Exercise prompt: Return each line of the records below that contains the word "close".
----- Information given -----
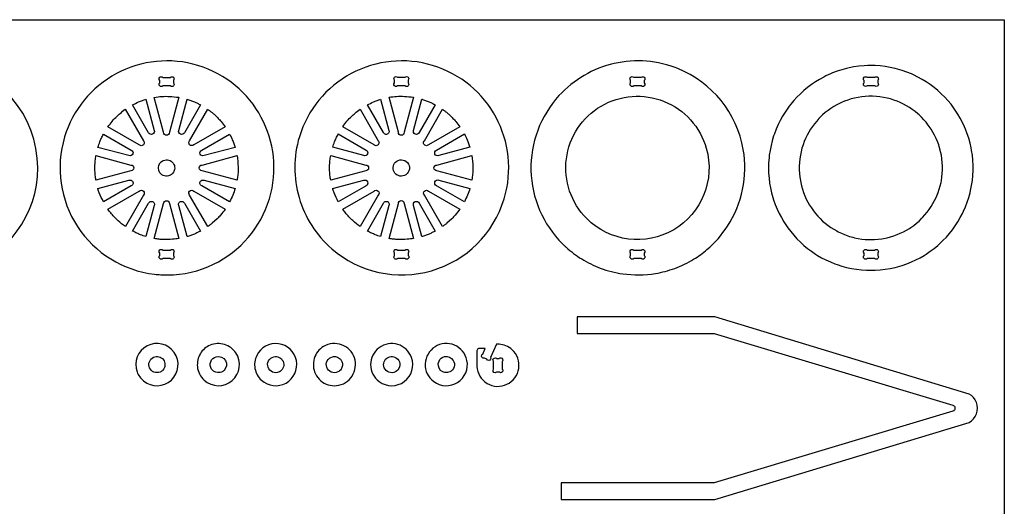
# Model space of a CAD drawing. Extents: x -4.3 to 32, y 14.1 to 33.8.
# Tile 5 of 5: x 17.6 to 32, y 26.7 to 33.8. Entities that reach past the tile are written whole.
import ezdxf

# ---------------------------------------------------------------- set-up
doc = ezdxf.new("R2010")
doc.units = 0
doc.header["$MEASUREMENT"] = 0
doc.layers.get('0').update_dxf_attribs({"linetype": 'CONTINUOUS'})
doc.layers.add('SECTIONCUTEDGES', color=18, linetype='CONTINUOUS')

msp = doc.modelspace()

# ---------------------------------------------------------------- linework, layer by layer
for points in [[(31.975, 33.787), (31.975, 14.136), (-4.279, 14.136), (-4.279, 33.787)], [(31.069, 31.705), (31.064, 31.758), (31.056, 31.81), (31.045, 31.861), (31.039, 31.886), (31.025, 31.935), (31.017, 31.96), (31, 32.008), (30.98, 32.055), (30.958, 32.101), (30.934, 32.145), (30.907, 32.188), (30.894, 32.209), (30.864, 32.25), (30.833, 32.29), (30.801, 32.328), (30.766, 32.364), (30.73, 32.399), (30.711, 32.415), (30.672, 32.447), (30.632, 32.477), (30.59, 32.505), (30.547, 32.532), (30.503, 32.556), (30.457, 32.578), (30.41, 32.598), (30.362, 32.615), (30.313, 32.631), (30.263, 32.643), (30.212, 32.654), (30.16, 32.662), (30.107, 32.667), (30.053, 32.67), (29.999, 32.67), (29.946, 32.667), (29.893, 32.662), (29.841, 32.654), (29.79, 32.643), (29.74, 32.631), (29.691, 32.615), (29.643, 32.598), (29.596, 32.578), (29.55, 32.556), (29.528, 32.544), (29.484, 32.519), (29.442, 32.492), (29.401, 32.462), (29.361, 32.431), (29.323, 32.399), (29.287, 32.364), (29.269, 32.346), (29.236, 32.309), (29.204, 32.27), (29.174, 32.23), (29.145, 32.188), (29.119, 32.145), (29.095, 32.101), (29.073, 32.055), (29.053, 32.008), (29.036, 31.96), (29.02, 31.911), (29.007, 31.861), (28.997, 31.81), (28.989, 31.758), (28.984, 31.705), (28.981, 31.651), (28.981, 31.597), (28.984, 31.544), (28.989, 31.491), (28.993, 31.465), (29.002, 31.414), (29.014, 31.363), (29.028, 31.313), (29.044, 31.265), (29.063, 31.217), (29.084, 31.171), (29.107, 31.126), (29.132, 31.082), (29.159, 31.04), (29.188, 30.999), (29.219, 30.959), (29.252, 30.921), (29.287, 30.885), (29.323, 30.85), (29.361, 30.817), (29.401, 30.786), (29.442, 30.757), (29.484, 30.73), (29.528, 30.705), (29.55, 30.693), (29.596, 30.671), (29.643, 30.651), (29.667, 30.642), (29.715, 30.626), (29.765, 30.612), (29.79, 30.605), (29.841, 30.595), (29.893, 30.587), (29.946, 30.582), (29.973, 30.58), (30.026, 30.579), (30.08, 30.58), (30.133, 30.584), (30.186, 30.591), (30.212, 30.595), (30.263, 30.605), (30.313, 30.618), (30.362, 30.634), (30.41, 30.651), (30.457, 30.671), (30.503, 30.693), (30.547, 30.717), (30.59, 30.743), (30.611, 30.757), (30.652, 30.786), (30.692, 30.817), (30.73, 30.85), (30.766, 30.885), (30.783, 30.903), (30.817, 30.94), (30.849, 30.979), (30.879, 31.019), (30.907, 31.061), (30.934, 31.104), (30.958, 31.148), (30.98, 31.194), (31, 31.241), (31.009, 31.265), (31.025, 31.313), (31.039, 31.363), (31.051, 31.414), (31.056, 31.439), (31.064, 31.491), (31.069, 31.544), (31.072, 31.597), (31.072, 31.651)]]:
    msp.add_lwpolyline(points, close=True)
at = {"layer": 'SECTIONCUTEDGES'}
for points in [[(15.034, 30.712, 0.325322), (16.781, 30.139, 0.325497), (17.862, 31.624, 0.371858), (16.529, 33.169, 0.371962), (14.806, 32.076, 0.115164), (14.761, 31.367, 0.115322)], [(19.756, 30.064, 0.112364), (20.427, 30.218, 0.210055), (21.244, 31.173, 0.414116), (20.2, 33.12, 0.414311), (18.254, 32.076, 0.221929), (18.443, 30.768, 0.222236), (19.567, 30.074, 0.015157), (19.658, 30.066, 0.014233)], [(22.156, 30.444, 0.254136), (23.612, 30.125, 0.254134), (24.672, 31.173, 0.414116), (23.628, 33.12, 0.414311), (21.682, 32.077, 0.14489), (21.677, 31.191, 0.144775)], [(25.577, 30.468, 0.048565), (25.805, 30.296, 0.045826), (26.076, 30.163, 0.057671), (26.404, 30.079, 0.073449), (26.883, 30.085, 0.049668), (27.162, 30.159, 0.046635), (27.439, 30.292, 0.040326), (27.634, 30.433, 0.072135), (27.933, 30.773, 0.189941), (28.164, 31.893, 0.25932), (27.209, 33.073, 0.152812), (26.28, 33.148, 0.15269), (25.473, 32.679, 0.193513), (25.064, 31.588, 0.193448), (25.524, 30.518, 0.005813), (25.546, 30.496, 0.004363)], [(19.688, 32.946), (19.798, 32.946, -1), (19.843, 32.902), (19.843, 32.866, -1), (19.798, 32.821), (19.688, 32.821, -1), (19.643, 32.866), (19.643, 32.902, -1)], [(23.116, 32.947), (23.226, 32.947, -1), (23.271, 32.903), (23.271, 32.866, -1), (23.226, 32.822), (23.116, 32.822, -1), (23.071, 32.866), (23.071, 32.903, -1)], [(26.564, 32.947), (26.675, 32.947, -1), (26.719, 32.902), (26.719, 32.866, -1), (26.675, 32.822), (26.564, 32.822, -1), (26.519, 32.866), (26.519, 32.902, -1)], [(29.972, 32.947), (30.083, 32.947, -1), (30.127, 32.902), (30.127, 32.866, -1), (30.083, 32.822), (29.972, 32.822, -1), (29.928, 32.866), (29.928, 32.902, -1)], [(19.922, 32.655), (19.785, 32.144, -1), (19.699, 32.144), (19.563, 32.654, -0.057699), (19.787, 32.668, -0.024823)], [(23.35, 32.655), (23.213, 32.144, -1), (23.127, 32.144), (22.991, 32.655, -0.057699), (23.215, 32.669, -0.024823)], [(25.879, 30.885, -0.49076), (26.088, 32.527, -0.490919), (27.624, 31.911, -0.341454), (27.148, 30.723, -0.341597)], [(19.441, 32.626), (19.562, 32.173, -1), (19.481, 32.139), (19.247, 32.545, -0.012176), (19.335, 32.587, -0.019565), (19.391, 32.609, -0.009363), (19.416, 32.618, 0.003121)], [(20.238, 32.546), (20.003, 32.139, -1), (19.922, 32.173), (20.043, 32.626, 0.006199), (20.048, 32.625, -0.0186), (20.053, 32.624), (20.15, 32.589, -0.018388), (20.194, 32.568, 0.006129)], [(22.869, 32.626), (22.99, 32.173, -1), (22.909, 32.14), (22.675, 32.546, -0.012176), (22.763, 32.587, -0.019565), (22.819, 32.61, -0.009363), (22.844, 32.618, 0.003121)], [(23.666, 32.547), (23.431, 32.14, -1), (23.35, 32.173), (23.471, 32.627, 0.006199), (23.476, 32.626, -0.0186), (23.481, 32.624), (23.578, 32.589, -0.018388), (23.622, 32.568, 0.006129)], [(19.14, 32.48), (19.405, 32.022, -1), (19.344, 31.962), (18.887, 32.226, -0.014778), (18.948, 32.304, -0.028539), (19.02, 32.381, -0.018438), (19.064, 32.42, -0.011345)], [(20.598, 32.226), (20.14, 31.962, -1), (20.08, 32.022), (20.344, 32.48, 0.006303), (20.376, 32.456, -0.01891), (20.408, 32.432, -0.017187), (20.447, 32.398, -0.012321), (20.497, 32.348, -0.018926), (20.539, 32.301, -0.012469)], [(22.568, 32.48), (22.833, 32.022, -1), (22.772, 31.962), (22.315, 32.226, -0.014778), (22.376, 32.305, -0.028539), (22.448, 32.381, -0.018438), (22.492, 32.421, -0.011345)], [(24.026, 32.226), (23.568, 31.962, -1), (23.507, 32.022), (23.772, 32.48, 0.006303), (23.804, 32.456, -0.01891), (23.836, 32.432, -0.017187), (23.875, 32.398, -0.012321), (23.925, 32.348, -0.018926), (23.967, 32.301, -0.012469)], [(18.821, 32.119), (19.227, 31.885, -1), (19.194, 31.804), (18.741, 31.925, -0.012918), (18.769, 32.006, -0.018758), (18.791, 32.06, -0.010898), (18.806, 32.09, 0.003632)], [(20.744, 31.925), (20.291, 31.804, -1), (20.257, 31.885), (20.663, 32.119, -0.026072), (20.703, 32.035, -0.02074)], [(22.249, 32.12), (22.655, 31.885, -1), (22.622, 31.804), (22.169, 31.926, -0.012918), (22.197, 32.006, -0.018758), (22.219, 32.061, -0.010898), (22.234, 32.09, 0.003632)], [(24.172, 31.926), (23.719, 31.804, -1), (23.685, 31.885), (24.091, 32.12, -0.026072), (24.131, 32.036, -0.020703)], [(18.712, 31.804), (19.222, 31.667, -1), (19.222, 31.582), (18.712, 31.445, 0.006429), (18.706, 31.482, -0.01929), (18.701, 31.519), (18.695, 31.624), (18.701, 31.73, -0.018896), (18.706, 31.767, 0.006298)], [(20.773, 31.445), (20.262, 31.582, -1), (20.262, 31.667), (20.772, 31.804, -0.035509), (20.787, 31.639, -0.037792), (20.779, 31.484, -0.007975), (20.776, 31.464, 0.002658)], [(22.14, 31.804), (22.65, 31.667, -1), (22.65, 31.582), (22.14, 31.445, 0.006429), (22.134, 31.482, -0.01929), (22.128, 31.519), (22.123, 31.625), (22.128, 31.73, -0.018896), (22.134, 31.767, 0.006298)], [(24.201, 31.445), (23.69, 31.582, -1), (23.69, 31.667), (24.2, 31.804, -0.035509), (24.215, 31.639, -0.037792), (24.207, 31.484, -0.007975), (24.204, 31.465, 0.002658)], [(19.788, 31.514, -0.781821), (19.651, 31.7, -0.781093), (19.859, 31.6, -0.122906), (19.834, 31.549, -0.122447)], [(23.215, 31.514, -0.385134), (23.065, 31.568, -0.384041), (23.104, 31.723, -0.445044), (23.275, 31.681, -0.443903)], [(18.74, 31.323), (19.194, 31.444, -1), (19.227, 31.363), (18.821, 31.129, -0.020623), (18.761, 31.262, -0.019978), (18.742, 31.313, -0.019766), (18.741, 31.318, 0.006588)], [(20.663, 31.129), (20.257, 31.363, -1), (20.291, 31.444), (20.744, 31.323, -0.023422), (20.709, 31.225, -0.022807)], [(22.168, 31.323), (22.622, 31.445, -1), (22.655, 31.364), (22.249, 31.129, -0.020623), (22.189, 31.262, -0.019978), (22.17, 31.314, -0.019766), (22.169, 31.319, 0.006588)], [(24.091, 31.129), (23.685, 31.364, -1), (23.719, 31.445), (24.172, 31.324, -0.023422), (24.136, 31.226, -0.022807)], [(18.887, 31.022), (19.344, 31.287, -1), (19.405, 31.226), (19.141, 30.769, -0.024397), (19.034, 30.855, -0.042082), (18.927, 30.968, -0.010889), (18.907, 30.995, 0.00363)], [(20.344, 30.769), (20.08, 31.226, -1), (20.14, 31.287), (20.598, 31.023, -0.014529), (20.53, 30.936, -0.022653), (20.482, 30.884), (20.408, 30.817, -0.018394), (20.376, 30.792, 0.006131)], [(22.315, 31.023), (22.772, 31.287, -1), (22.833, 31.227), (22.569, 30.769, -0.024397), (22.462, 30.856, -0.042082), (22.355, 30.969, -0.010889), (22.335, 30.996, 0.00363)], [(23.772, 30.769), (23.507, 31.227, -1), (23.568, 31.287), (24.026, 31.023, -0.014529), (23.958, 30.937, -0.022653), (23.91, 30.884), (23.836, 30.817, -0.018394), (23.804, 30.793, 0.006131)], [(19.247, 30.703), (19.481, 31.109, -1), (19.562, 31.076), (19.441, 30.623, -0.012234), (19.363, 30.65, -0.017991), (19.311, 30.671, -0.010478), (19.279, 30.687, 0.003492)], [(19.563, 30.594), (19.7, 31.104, -1), (19.785, 31.104), (19.922, 30.594, -0.013089), (19.83, 30.583, -0.036535), (19.69, 30.579, -0.015577), (19.634, 30.584, -0.012352)], [(20.044, 30.622), (19.922, 31.076, -1), (20.003, 31.109), (20.238, 30.702, 0.006248), (20.194, 30.681, -0.018746), (20.15, 30.66), (20.053, 30.624, -0.018599), (20.048, 30.623, 0.006199)], [(22.675, 30.703), (22.909, 31.11, -1), (22.99, 31.076), (22.869, 30.623, -0.012234), (22.791, 30.65, -0.017991), (22.739, 30.672, -0.010478), (22.707, 30.687, 0.003492)], [(22.991, 30.594), (23.127, 31.105, -1), (23.213, 31.105), (23.35, 30.594, -0.013089), (23.258, 30.583, -0.036535), (23.118, 30.58, -0.015577), (23.062, 30.584, -0.012352)], [(23.471, 30.622), (23.35, 31.076, -1), (23.431, 31.11), (23.666, 30.703, 0.006248), (23.622, 30.681, -0.018746), (23.578, 30.66), (23.481, 30.625, -0.018599), (23.476, 30.624, 0.006199)], [(19.843, 30.383), (19.843, 30.346, -1), (19.798, 30.302), (19.688, 30.302, -1), (19.643, 30.346), (19.643, 30.383, -1), (19.688, 30.427), (19.798, 30.427, -1)], [(23.071, 30.347), (23.071, 30.383, -1), (23.116, 30.427), (23.226, 30.427, -1), (23.271, 30.383), (23.271, 30.347, -1), (23.226, 30.302), (23.116, 30.302, -1)], [(26.675, 30.302), (26.564, 30.302, -1), (26.519, 30.346), (26.519, 30.383, -1), (26.564, 30.427), (26.675, 30.427, -1), (26.719, 30.383), (26.719, 30.346, -1)], [(30.083, 30.302), (29.972, 30.302, -1), (29.928, 30.346), (29.928, 30.383, -1), (29.972, 30.427), (30.083, 30.427, -1), (30.127, 30.383), (30.127, 30.346, -1)], [(19.407, 28.517, 0.875865), (19.854, 28.933, 0.875175), (19.313, 28.649, 0.066567), (19.351, 28.577, 0.066175)], [(20.292, 28.527, 0.379539), (20.701, 28.522, 0.379687), (20.754, 28.927, 0.173657), (20.588, 29.048, 0.170819), (20.379, 29.038, 0.163652), (20.237, 28.915, 0.156929), (20.193, 28.723, 0.095178), (20.223, 28.618, 0.091539)], [(21.129, 28.527, 0.721922), (21.638, 28.813, 0.721529), (21.059, 28.888, 0.161758), (21.034, 28.696, 0.161493)], [(22.034, 29.018, 0.18616), (21.899, 28.844, 0.183377), (21.916, 28.621, 0.110679), (21.995, 28.519, 0.201186), (22.225, 28.449, 0.481079), (22.485, 28.853, 0.48086)], [(22.846, 28.508, 0.331987), (23.214, 28.508, 0.331772), (23.319, 28.86, 0.501759), (22.847, 29.001, 0.501516)], [(23.643, 28.508, 0.311571), (23.992, 28.495, 0.311041), (24.129, 28.817, 0.525505), (23.663, 29.015, 0.524889)], [(24.56, 29.051), (24.475, 28.858, 0.08601), (24.476, 28.853, -0.186349), (24.474, 28.834, -0.284949), (24.447, 28.816, -0.285005), (24.418, 28.832, -0.066648), (24.418, 28.834, 0.145329), (24.417, 28.835), (24.383, 28.85, 0.07969), (24.378, 28.85, -0.210482), (24.356, 28.853, -0.269976), (24.341, 28.88, -0.269963), (24.358, 28.907, -0.065764), (24.359, 28.908, 0.145587), (24.361, 28.908), (24.397, 28.991), (24.306, 28.991, 0.146455), (24.29, 28.983, 0.196282), (24.273, 28.945), (24.274, 28.729, 0.533963), (24.713, 28.467, 0.533869), (24.788, 28.972, 0.08601), (24.698, 29.029, 0.087552), (24.597, 29.052, 0.020955), (24.578, 29.052, -0.006984)], [(19.648, 28.646, -0.40369), (19.495, 28.707, -0.406894), (19.551, 28.861, -0.358958), (19.696, 28.826, -0.355487), (19.69, 28.675, -0.056856), (19.671, 28.658, -0.057759)], [(20.545, 28.646, -0.167832), (20.464, 28.642, -0.173437), (20.401, 28.689, -0.243707), (20.388, 28.797, -0.244139), (20.469, 28.869, -0.337448), (20.602, 28.813, -0.338313), (20.583, 28.671, -0.047911), (20.564, 28.656, -0.054789)], [(21.387, 28.648, -0.439529), (21.225, 28.715, -0.443818), (21.307, 28.869, -0.36461), (21.443, 28.803, -0.361552), (21.402, 28.656, -0.021025), (21.395, 28.652, -0.021405)], [(22.244, 28.648, -0.439529), (22.082, 28.715, -0.443818), (22.164, 28.869, -0.136084), (22.225, 28.868, -0.127388), (22.281, 28.834, -0.098957), (22.303, 28.8, -0.12042), (22.311, 28.742, -0.128999), (22.29, 28.686, -0.130996)], [(22.921, 28.709, -0.393248), (22.977, 28.86, -0.392669), (23.132, 28.816, -0.436091), (23.084, 28.649, -0.435495)], [(23.879, 28.648, -0.318573), (23.745, 28.671, -0.315342), (23.721, 28.806, -0.235508), (23.802, 28.871, -0.318805), (23.929, 28.816, -0.211921), (23.941, 28.721, -0.211232)], [(24.599, 28.844, 0.08601), (24.603, 28.847, -0.186349), (24.622, 28.854, -0.284949), (24.65, 28.835, -0.285005), (24.646, 28.803, -0.066648), (24.644, 28.802, 0.145329), (24.643, 28.8), (24.643, 28.689, 0.08601), (24.646, 28.685, -0.186349), (24.653, 28.667, -0.284949), (24.634, 28.639, -0.285005), (24.602, 28.643, -0.066648), (24.6, 28.644, 0.145329), (24.599, 28.645), (24.563, 28.645, 0.08601), (24.558, 28.643, -0.186349), (24.54, 28.636, -0.284949), (24.512, 28.654, -0.285005), (24.516, 28.687, -0.066648), (24.517, 28.688, 0.145329), (24.518, 28.689), (24.518, 28.8, 0.08601), (24.516, 28.804, -0.186349), (24.509, 28.823, -0.284949), (24.527, 28.851, -0.285005), (24.56, 28.847, -0.066648), (24.561, 28.845, 0.145329), (24.563, 28.844)]]:
    msp.add_lwpolyline(points, format="xyb", close=True, dxfattribs=at)
for points in [[(29.964, 30.132), (30.033, 30.131), (30.089, 30.132), (30.163, 30.137), (30.237, 30.145), (30.309, 30.157), (30.38, 30.173), (30.45, 30.191), (30.484, 30.202), (30.552, 30.225), (30.618, 30.252), (30.682, 30.282), (30.745, 30.314), (30.806, 30.349), (30.835, 30.368), (30.893, 30.408), (30.949, 30.45), (31.003, 30.494), (31.03, 30.517), (31.08, 30.565), (31.129, 30.616), (31.175, 30.668), (31.218, 30.723), (31.259, 30.78), (31.297, 30.839), (31.333, 30.899), (31.366, 30.961), (31.381, 30.993), (31.409, 31.058), (31.435, 31.124), (31.457, 31.192), (31.476, 31.261), (31.484, 31.296), (31.498, 31.367), (31.509, 31.44), (31.516, 31.513), (31.52, 31.587), (31.52, 31.662), (31.516, 31.736), (31.509, 31.809), (31.498, 31.881), (31.492, 31.917), (31.476, 31.988), (31.457, 32.057), (31.435, 32.124), (31.409, 32.191), (31.395, 32.223), (31.366, 32.287), (31.333, 32.35), (31.297, 32.41), (31.259, 32.469), (31.239, 32.498), (31.197, 32.553), (31.152, 32.607), (31.105, 32.659), (31.055, 32.708), (31.003, 32.755), (30.949, 32.799), (30.893, 32.841), (30.835, 32.881), (30.775, 32.917), (30.714, 32.951), (30.65, 32.982), (30.618, 32.997), (30.552, 33.023), (30.484, 33.047), (30.415, 33.067), (30.38, 33.076), (30.309, 33.092), (30.237, 33.104), (30.163, 33.112), (30.089, 33.117), (30.02, 33.118), (29.982, 33.118), (29.927, 33.115), (29.853, 33.108), (29.78, 33.098), (29.708, 33.084), (29.673, 33.076), (29.603, 33.057), (29.535, 33.036), (29.468, 33.01), (29.435, 32.997), (29.371, 32.967), (29.339, 32.951), (29.277, 32.917), (29.217, 32.881), (29.159, 32.841), (29.103, 32.799), (29.049, 32.755), (28.998, 32.708), (28.948, 32.659), (28.901, 32.607), (28.856, 32.553), (28.835, 32.526), (28.794, 32.469), (28.756, 32.41), (28.737, 32.38), (28.703, 32.319), (28.672, 32.256), (28.644, 32.191), (28.618, 32.124), (28.607, 32.091), (28.586, 32.022), (28.569, 31.952), (28.554, 31.881), (28.544, 31.809), (28.54, 31.773), (28.534, 31.699), (28.532, 31.624), (28.534, 31.55), (28.54, 31.476), (28.549, 31.403), (28.561, 31.332), (28.577, 31.261), (28.586, 31.227), (28.607, 31.158), (28.63, 31.091), (28.657, 31.025), (28.687, 30.961), (28.72, 30.899), (28.756, 30.839), (28.794, 30.78), (28.814, 30.751), (28.856, 30.696), (28.901, 30.642), (28.948, 30.59), (28.998, 30.541), (29.049, 30.494), (29.103, 30.45), (29.159, 30.408), (29.217, 30.368), (29.247, 30.349), (29.308, 30.314), (29.371, 30.282), (29.435, 30.252), (29.501, 30.225), (29.535, 30.213), (29.603, 30.191), (29.673, 30.173), (29.744, 30.157), (29.816, 30.145), (29.889, 30.137)], [(25.504, 26.786), (27.749, 26.786), (31.463, 27.912), (31.497, 27.935), (31.527, 27.964), (31.55, 27.998), (31.568, 28.036), (31.579, 28.077), (31.583, 28.119), (31.579, 28.161), (31.568, 28.201), (31.55, 28.239), (31.527, 28.273), (31.497, 28.302), (31.463, 28.325), (27.749, 29.451), (25.736, 29.451), (25.736, 29.209), (27.737, 29.209), (31.224, 28.164), (31.232, 28.16), (31.24, 28.154), (31.246, 28.146), (31.251, 28.138), (31.253, 28.128), (31.254, 28.119), (31.253, 28.109), (31.251, 28.1), (31.246, 28.091), (31.24, 28.083), (31.232, 28.077), (31.224, 28.073), (27.737, 27.028), (25.504, 27.028)]]:
    msp.add_lwpolyline(points, close=True, dxfattribs=at)

doc.saveas('drawing.dxf')
-----
Reply:
    msp.add_lwpolyline(points, close=True)
    msp.add_lwpolyline(points, format="xyb", close=True, dxfattribs=at)
    msp.add_lwpolyline(points, close=True, dxfattribs=at)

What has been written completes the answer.